Some people started fapping, because for example they were abused as child. I believe that this is my case, I was abused a child and I lived in small city, so everybody knew about the abuse. I became shy, because some kids started to use my story and to abuse me, telling the story to another kids and pointing me with finger. I remember that I stayed at home after the first 2 weeks of the abuse. For my good I have a great family and friends that stayed with me. Of course this story was like a ghost and it was following me in my high school and university years, but let’s say that I accepted the reality and the thing that nothing depended on me.
Well this is the story and fapping was the perfect solution. Watching nice women and fapping in my room, this was the place where nobody can hurt me and etc.
I mentioned that I have great family and I adopted some patterns from them, so I actually had no problems in social situations, even sometimes I was the center of the party. I tried to have sex on 21 with a girl that I was dating from one week. We were in the bed I was trying to play like a porn star, but my little friend just stayed shy. I was so hard to understand and to explain what is the problem. I tried with other girls in the next years, but the result was the same.

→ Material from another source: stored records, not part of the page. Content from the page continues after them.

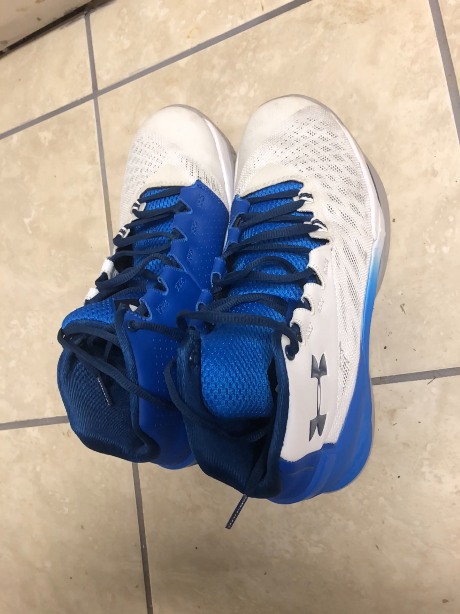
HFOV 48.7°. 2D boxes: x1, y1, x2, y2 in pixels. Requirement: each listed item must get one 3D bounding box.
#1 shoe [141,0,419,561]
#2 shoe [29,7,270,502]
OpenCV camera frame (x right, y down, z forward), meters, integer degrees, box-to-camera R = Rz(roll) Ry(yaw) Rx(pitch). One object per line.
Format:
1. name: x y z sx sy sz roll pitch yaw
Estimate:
1. shoe: 0.034 -0.033 0.332 0.120 0.130 0.322 -8 80 25
2. shoe: -0.060 -0.030 0.382 0.120 0.100 0.310 -9 83 25

I believe that many people are not just addicted to porn, but there is also real reason why they prefer pixel girls instead of real girls. I think, that NoFap is great personally for me it helped me to control my desires in social situations with females. The posts here helped me to understand that there is something called intimacy, which is not just wild animal sex. In general I respect the women, but NoFap made to respect them even more. I also was rejected 2 times since last 3 months, but I was fine with this. Before NoFap I would try to prove that I have to be the chosen and to continue to chase a girl that already rejected me.
From my point of view NoFap gave me the opportunity to hit the reality and to deal with my non porn issues.

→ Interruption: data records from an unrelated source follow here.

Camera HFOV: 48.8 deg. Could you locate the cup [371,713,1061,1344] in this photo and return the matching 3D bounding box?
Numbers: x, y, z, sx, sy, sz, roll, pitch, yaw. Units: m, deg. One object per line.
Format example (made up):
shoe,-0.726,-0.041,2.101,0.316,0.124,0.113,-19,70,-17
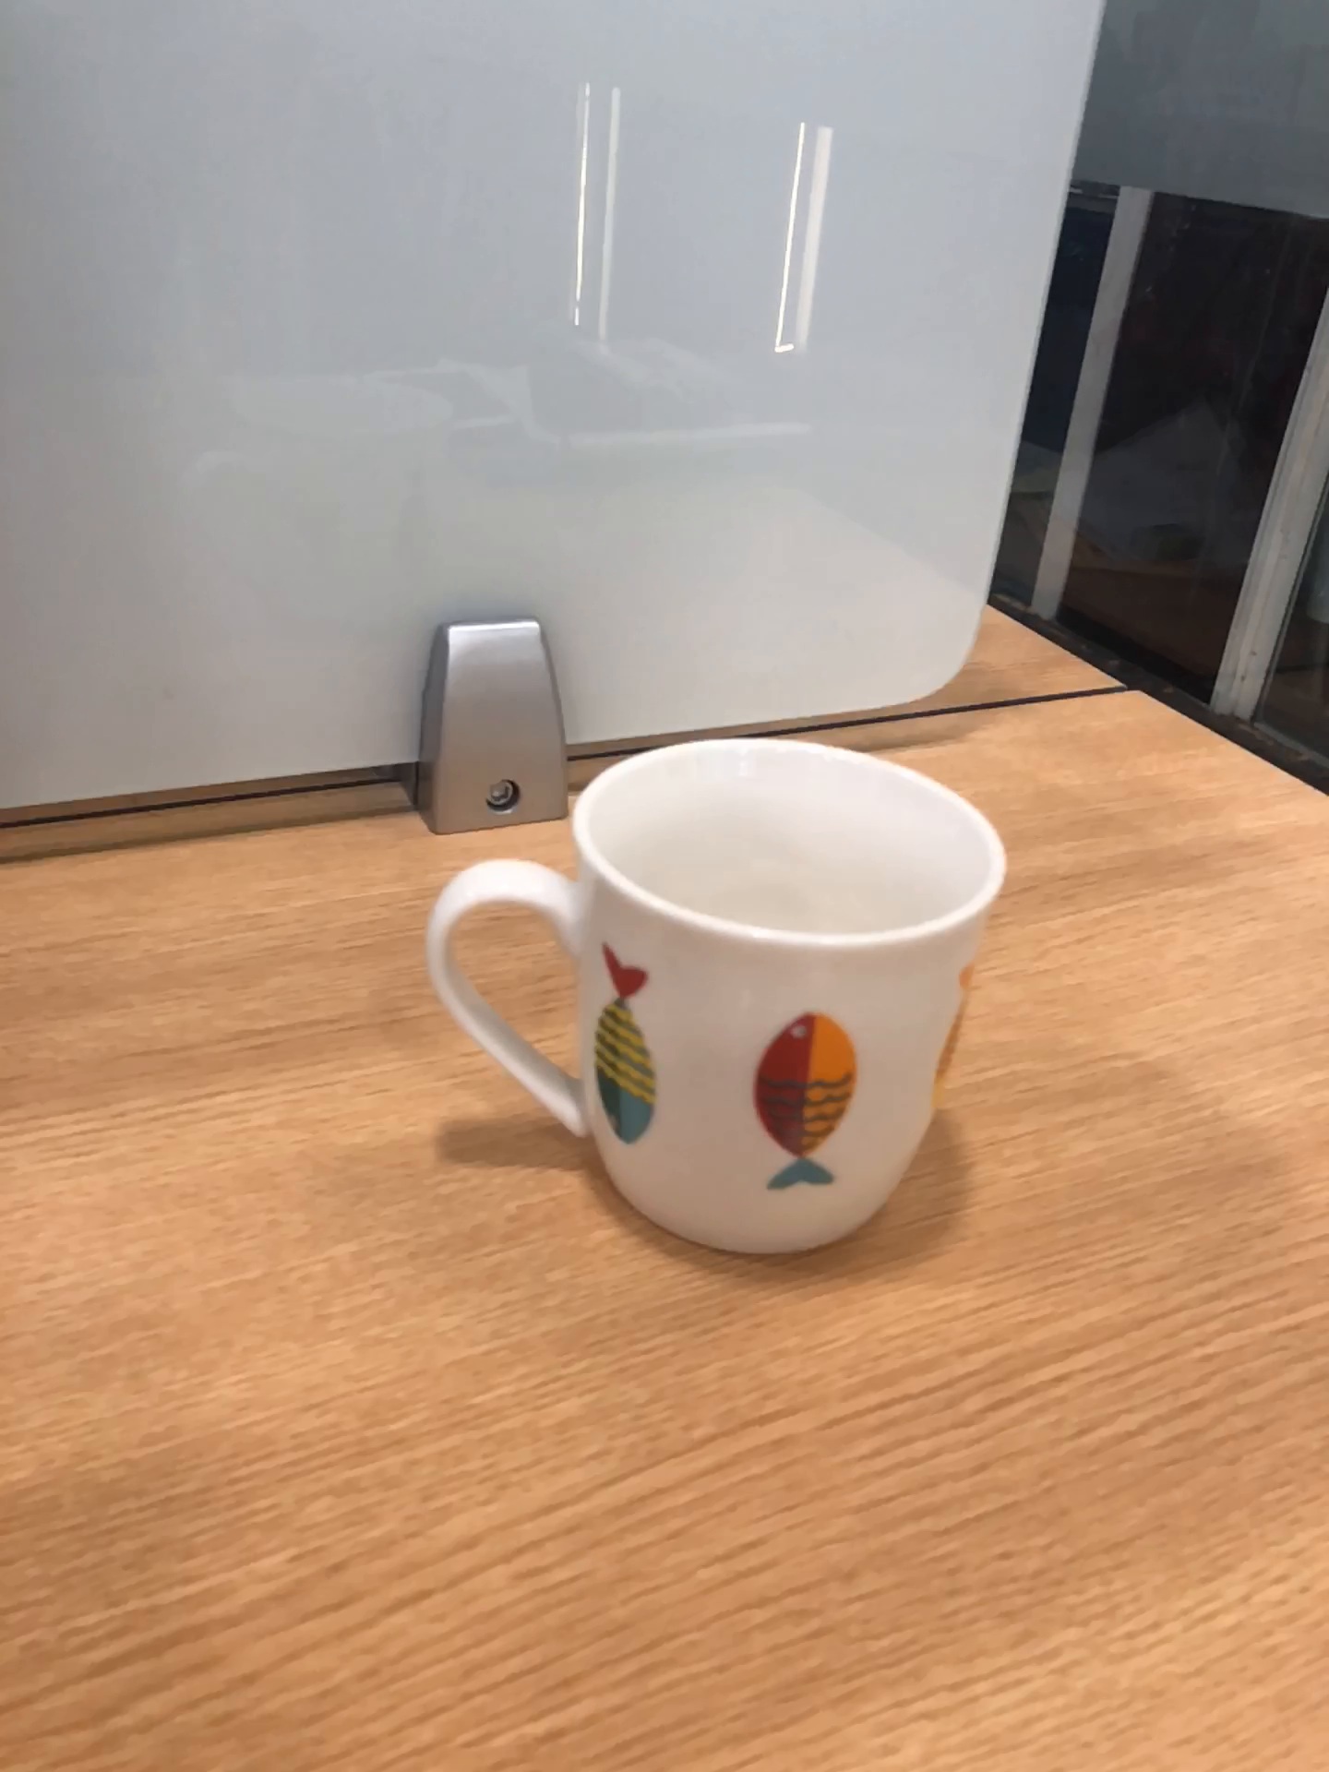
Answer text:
cup,0.002,0.026,0.287,0.110,0.090,0.080,1,30,-8

What happened since the last 104 days:
- Strong urges in the first 2 months and changes in the mood
- Better work results
- I am going out in clubs, just to socialize and I don’t look for one night stands, I just want to get to know the people
- I was a speaker on a conference ( this was one of my dreams )
- I am more consistent and focused in the things that really matters
- I accept the rejection easier
I am not sure, that all the results came from NoFap, but definitely I got more “space” and energy to take care about myself. I think that so far the results are combination of NoFap and mind set. Also about the sex thing, I believe that my next partner deserves my attention. I want to date a girl for sure more that 2 months, before we have sex. I think that after the 2-3 months mark you have feel real intimacy and to know who is your partner. I also will tell to my partner about my ED problem, if she can’t live with this I am fine to leave her to walk away.
I am continuing with the NoFap journey!